И вдруг, месяца четыре спустя, Тальнова пригласили к находившемуся на стройке парторгу ЦК Широкову. Принял он Тальнова вежливо. Расспросил о житье-бытье, в том числе, как бы между прочим, поинтересовался Скворцовым. Спросил, что он о нем знает. Тальнов,понял, что запахло «жареным». Он сделал удивленный вид — его, простого рабочего, спрашивают о бывшем начальнике, посланном учиться на большого руководителя. В общем, прикинулся простаком и ничего вразумительного не сказал.
— Ну, хорошо, товарищ Тальнов,— поднялся за столом Широков.— Извините, что отнял у вас время.
Возвратившись к себе в общежитие, Тальнов стал лихорадочно обдумывать положение. Что это? Шефа взяли или просто какое-то недоразумение?
Вскоре на стройке узнали о том, что Скворцов с места учебы сбежал. Приехали работники ГПУ, провели обыски у некоторых лиц, в том числе в каморке, где жил Скворцов. Арестовали и увезли братьев Иворовских.
И уже ни для кого не было секретом, что Скворцов — враг, скрылся, разыскивается органами ГПУ.
А спустя полмесяца после этого события Тальнов по поручению отдела снабжения поехал в ближайший район в качестве приемщика материалов. На второй день он передал на стройку с попутчиками записку, в которой писал, что приболел и вернется через неделю-другую, как только поправится.
Больше его на стройке не видели.
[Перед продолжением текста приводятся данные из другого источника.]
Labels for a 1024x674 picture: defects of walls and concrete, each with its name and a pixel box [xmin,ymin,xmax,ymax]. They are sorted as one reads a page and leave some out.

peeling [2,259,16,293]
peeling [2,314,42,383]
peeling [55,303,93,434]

Махнул в родные края. Некоторое время скрывался вместе с бывшим своим односумом на Дону, в астраханской степи, в плавнях. Потом Тальнов подался в Крым. Там и застало его воскресенье 22 июня 1941 года.
Отшельники
Задолго до войны, еще в тридцатых годах, Акулина Мещерякова и Евстафий Желтов поженились и уехали из станицы в город, поселились в Ростове, на рабочей окраине. Она поступила санитаркой в медпункт табачной фабрики, а Евстафий все пытался замяться торговлишкой. Да не те настали времена. Не давала ходу частной инициативе рабоче-крестьянская власть. Пришлось незадачливому купчишке пойти на фабрику.
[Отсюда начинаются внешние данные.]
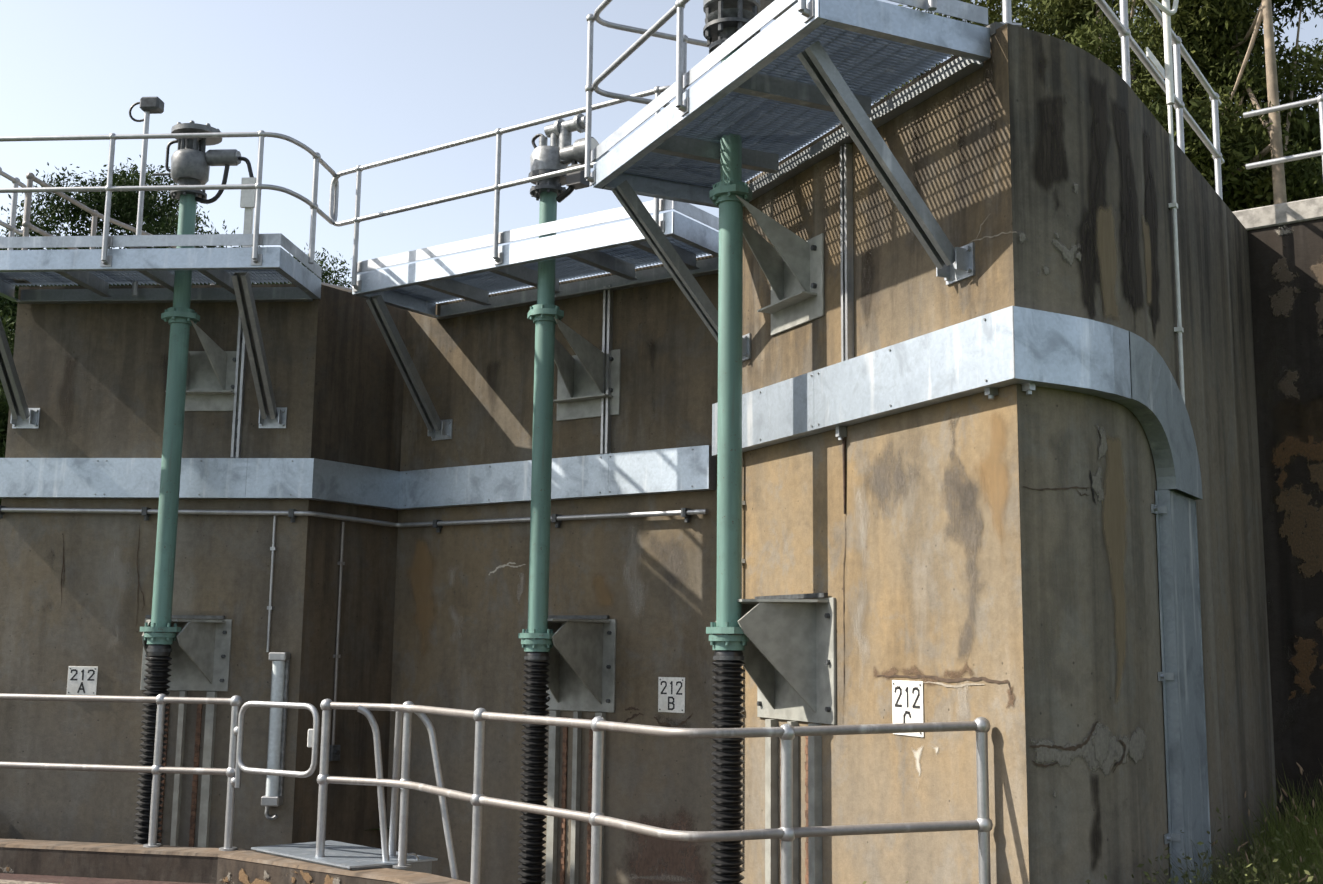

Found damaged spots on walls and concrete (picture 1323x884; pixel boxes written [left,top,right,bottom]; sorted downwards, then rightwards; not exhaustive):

С приездом в город Желтовы вначале снимали угол у одной старушки, а затем получили и свою комнатку. Жили средне. Деловой и, в общем-то, неглупый Евстафий притерся в трудовом коллективе. Затаив все обиды на неудобства жизни тех времен, Евстафий трудился. Посещал собрания, старался выполнять план, помышлял на какие-нибудь курсы устроиться, чтобы стать высокооплачиваемым рабочим. Благо к сыновьям казаков после опубликования в 1925 году специального решения партии стали относиться с меньшим недоверием, считая их детьми трудового крестьянства.